Refer to `docs/architecture.md` for a deep dive into each component and how they interact.
## Configuration
`FetcherConfig` centralizes every runtime parameter. Build it via `FetcherConfig::builder()` (or call `FetcherConfig::new(FetcherConfigParams { .. })` if you already have concrete values) to benefit from validation and sensible defaults. The struct’s fields are intentionally private so every instance is validated before it is used.
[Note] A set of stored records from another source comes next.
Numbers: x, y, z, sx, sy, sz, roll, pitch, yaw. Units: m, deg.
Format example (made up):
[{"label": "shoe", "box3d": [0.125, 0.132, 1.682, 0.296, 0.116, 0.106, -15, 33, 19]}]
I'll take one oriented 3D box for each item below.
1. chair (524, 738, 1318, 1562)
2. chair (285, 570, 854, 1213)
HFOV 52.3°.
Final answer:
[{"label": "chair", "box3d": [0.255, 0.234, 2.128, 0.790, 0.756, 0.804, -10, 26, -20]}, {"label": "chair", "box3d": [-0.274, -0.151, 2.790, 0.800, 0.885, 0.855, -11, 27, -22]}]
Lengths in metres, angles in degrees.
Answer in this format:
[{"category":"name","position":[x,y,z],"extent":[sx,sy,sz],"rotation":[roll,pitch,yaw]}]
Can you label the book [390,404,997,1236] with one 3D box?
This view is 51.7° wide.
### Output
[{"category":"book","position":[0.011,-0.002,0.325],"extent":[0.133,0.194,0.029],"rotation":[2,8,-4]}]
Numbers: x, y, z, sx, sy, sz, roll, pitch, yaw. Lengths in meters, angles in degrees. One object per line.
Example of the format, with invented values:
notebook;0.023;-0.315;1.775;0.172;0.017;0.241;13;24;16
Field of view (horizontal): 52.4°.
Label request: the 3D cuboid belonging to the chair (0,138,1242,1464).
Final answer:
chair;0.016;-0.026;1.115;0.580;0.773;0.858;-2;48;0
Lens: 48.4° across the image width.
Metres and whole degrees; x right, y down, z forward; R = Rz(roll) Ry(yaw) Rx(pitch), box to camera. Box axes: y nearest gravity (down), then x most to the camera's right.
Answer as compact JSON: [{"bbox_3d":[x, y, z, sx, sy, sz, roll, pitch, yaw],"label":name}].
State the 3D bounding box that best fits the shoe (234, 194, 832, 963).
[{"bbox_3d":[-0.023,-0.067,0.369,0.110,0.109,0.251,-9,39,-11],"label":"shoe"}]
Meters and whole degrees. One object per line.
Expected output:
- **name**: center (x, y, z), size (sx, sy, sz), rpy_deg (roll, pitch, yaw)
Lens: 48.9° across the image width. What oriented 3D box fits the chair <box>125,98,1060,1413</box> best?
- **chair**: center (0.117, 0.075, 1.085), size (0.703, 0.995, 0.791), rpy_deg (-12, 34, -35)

| Field | Description | Notes |
| --- | --- | --- |
| `rpc_url` | Full HTTP URL of the Bitcoin Core JSON-RPC endpoint. | Must start with `http://` or `https://`. |
| `rpc_user` / `rpc_password` | RPC credentials. | Required; empty strings are rejected. |
| `thread_count` | Number of worker tasks fetching blocks. | Must be ≥ 1; also influences stride between heights. |
| `max_batch_size_mb` | Target megabytes per batch before workers increase/decrease the block count. | Controls throughput vs. memory pressure. |
| `reorg_window_size` | Size of the sliding window (in blocks) used to detect and roll back chain reorganizations. | Choose ≥ the maximum depth you want to tolerate. |
| `queue_max_size_mb` | Maximum megabytes of queued `PreProcessedBlock` data allowed in the ordered queue. | Defaults to 200 MB; workers block when the byte budget is exhausted (backpressure). |
| `start_height` | First height to request when the pipeline starts. | Required; Protoblock always restarts from this height. |
| `rpc_timeout` | Per-RPC timeout duration. | Defaults to 10 seconds if unset. |
| `metrics_interval` | Interval between telemetry snapshots logged to `protoblock::metrics`. | Defaults to 5 seconds; tune to align with your logging/observability cadence. |
| `tip_idle_backoff` | How long workers wait before retrying when they reach the tip or receive `HeightOutOfRange`. | Defaults to 10 seconds; lower values poll for new blocks more aggressively at the cost of extra RPC chatter. |
| `tip_refresh_interval` | Frequency of background `getblockcount` polling performed by the tip tracker. | Defaults to 10 seconds; lower values update the shared tip cache faster without affecting worker idle backoff. |
| `rpc_max_request_body_bytes` | Maximum JSON-RPC HTTP request body size permitted by the client. | Defaults to 10 MB (jsonrpsee default); set this to match your node/frontend proxy limits. |
| `rpc_max_response_body_bytes` | Maximum JSON-RPC HTTP response body size permitted by the client. | Defaults to 10 MB; workers proactively split batches so responses remain under this ceiling. |
Tips:
- Replace any `FetcherConfig { .. }` literals with `FetcherConfig::builder()` or `FetcherConfig::new(FetcherConfigParams { .. })`; direct struct construction is no longer supported.
- Reuse `Runner::cancellation_token()` if your host application already has a shutdown signal source.
- Monitor the tracing target `protoblock::metrics` to observe queue blocks, queue bytes, throughput, and RPC failures in real time.
#### Upgrading existing configs
If you previously instantiated `FetcherConfig` via a struct literal, switch to the builder pattern or `FetcherConfig::new(FetcherConfigParams { .. })`. Both paths perform validation before returning, eliminating the window where an invalid configuration could reach the fetcher.
## Documentation Set
- `docs/architecture.md` — details the internal pipeline and concurrency model.
- `docs/usage.md` — walks through configuration, protocol implementation, and recommended operational practices.
Both documents complement this README and complete the Phase 7 documentation checklist.
## License
Protoblock is dual-licensed under the MIT License (`LICENSE-MIT`) or the Apache License, Version 2.0 (`LICENSE-APACHE`), matching the approach used in `rollblock`. You may choose either license to use, copy, modify, and distribute this project.